If you think the two examples at right are tricky, take a look at two of the most notorious probability puzzles of all:

What is the probability that in a room filled with 23 people at least two of them have the same birthday? (It's more than half!)

Devlin explains:

The birthday problem asks how many people you need to have at a party so that there is a better-than-even chance that two of them will share the same birthday. Most people think the answer is 183, the smallest whole number larger than 365/2. In fact, you need just 23. The answer 183 is the correct answer to a very different question: How many people do you need to have at a party so that there is a better-than-even chance that one of them will share YOUR birthday? If there is no restriction on which two people will share a birthday, it makes an enormous difference. With 23 people in a room, there are 253 different ways of pairing two people together, and that gives a lot of possibilities of finding a pair with the same birthday.
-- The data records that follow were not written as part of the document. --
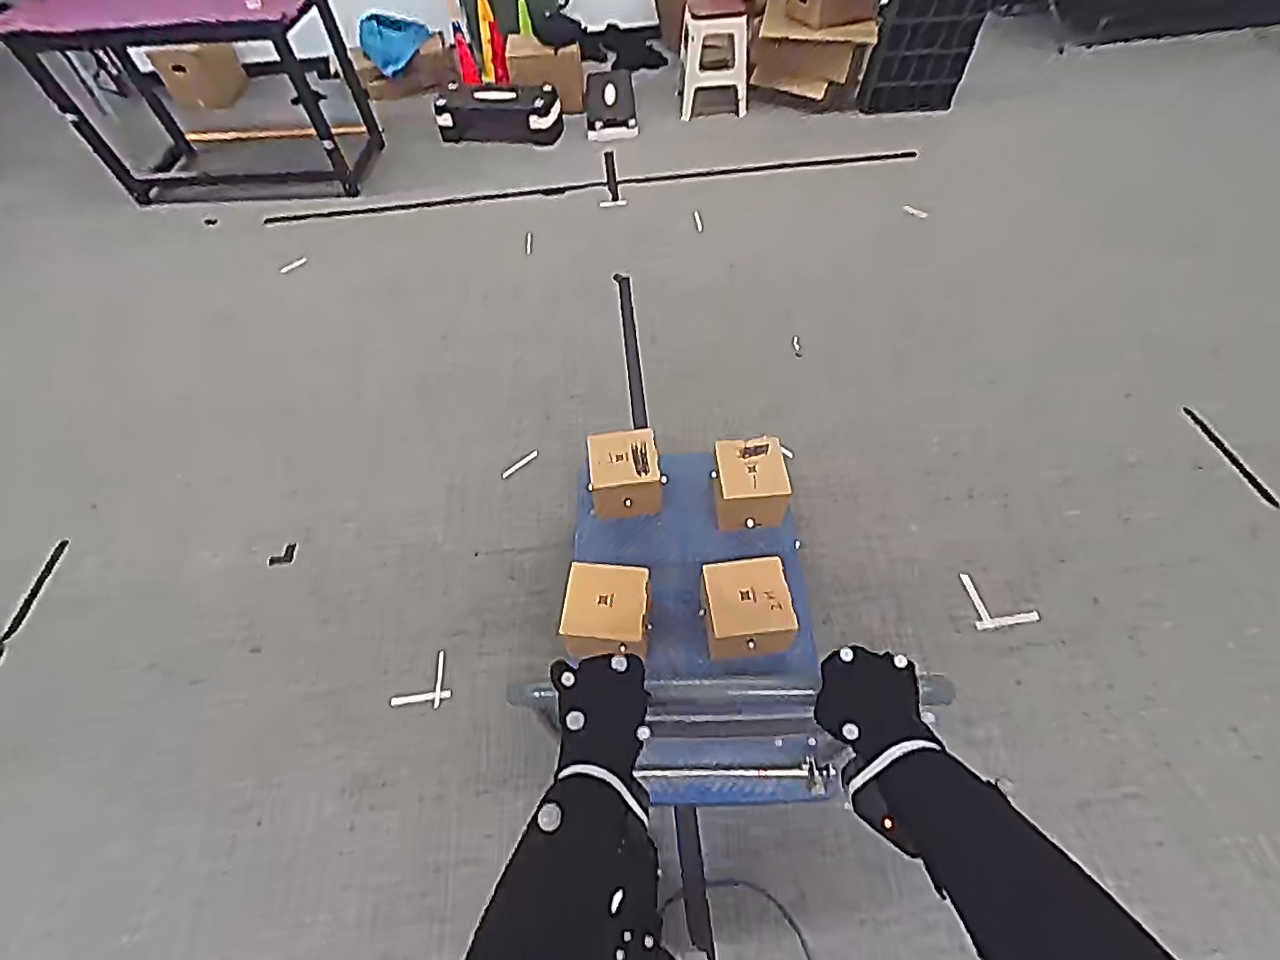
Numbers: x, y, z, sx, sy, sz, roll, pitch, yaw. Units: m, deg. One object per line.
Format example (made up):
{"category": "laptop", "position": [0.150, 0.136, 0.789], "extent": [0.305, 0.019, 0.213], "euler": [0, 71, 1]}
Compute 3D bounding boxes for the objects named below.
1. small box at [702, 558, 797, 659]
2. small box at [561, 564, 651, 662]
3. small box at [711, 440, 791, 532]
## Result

Here is the precise calculation. To figure out the exact probability of finding two people with the same birthday in a given group, it turns out to be easier to ask the opposite question: what is the probability that NO two will share a birthday, i.e., that they will all have different birthdays? With just two people, the probability that they have different birthdays is 364/365, or about .997. If a third person joins them, the probability that this new person has a different birthday from those two (i.e., the probability that all three will have different birthdays) is (364/365) x (363/365), about .992. With a fourth person, the probability that all four have different birthdays is (364/365) x (363/365) x (362/365), which comes out at around .983. And so on. The answers to these multiplications get steadily smaller. When a twenty-third person enters the room, the final fraction that you multiply by is 343/365, and the answer you get drops below .5 for the first time, being approximately .493. This is the probability that all 23 people have a different birthday. So, the probability that at least two people share a birthday is 1 - .493 = .507, just greater than 1/2.

The Children Puzzle

I tell you that a couple has two children and that (at least) one of them is a boy. I ask you what is the probability that their other child is a boy. Most people think the answer is 1/2, arguing that it is equally likely that the other child is a boy or a girl. But that's not the right answer for the question I have asked you. Here's why. In terms of order of birth, there are four possibilities for the couple's children: BB, BG, GB, GG. When I tell you that at least one child is a boy, I rule out the possibility GG. That leaves three possibilities: BB, BG, GB. With two of these, the other child is a girl; so the probability of the other child being a girl is 2/3. Leaving the probability of the other child being a boy at 1/3.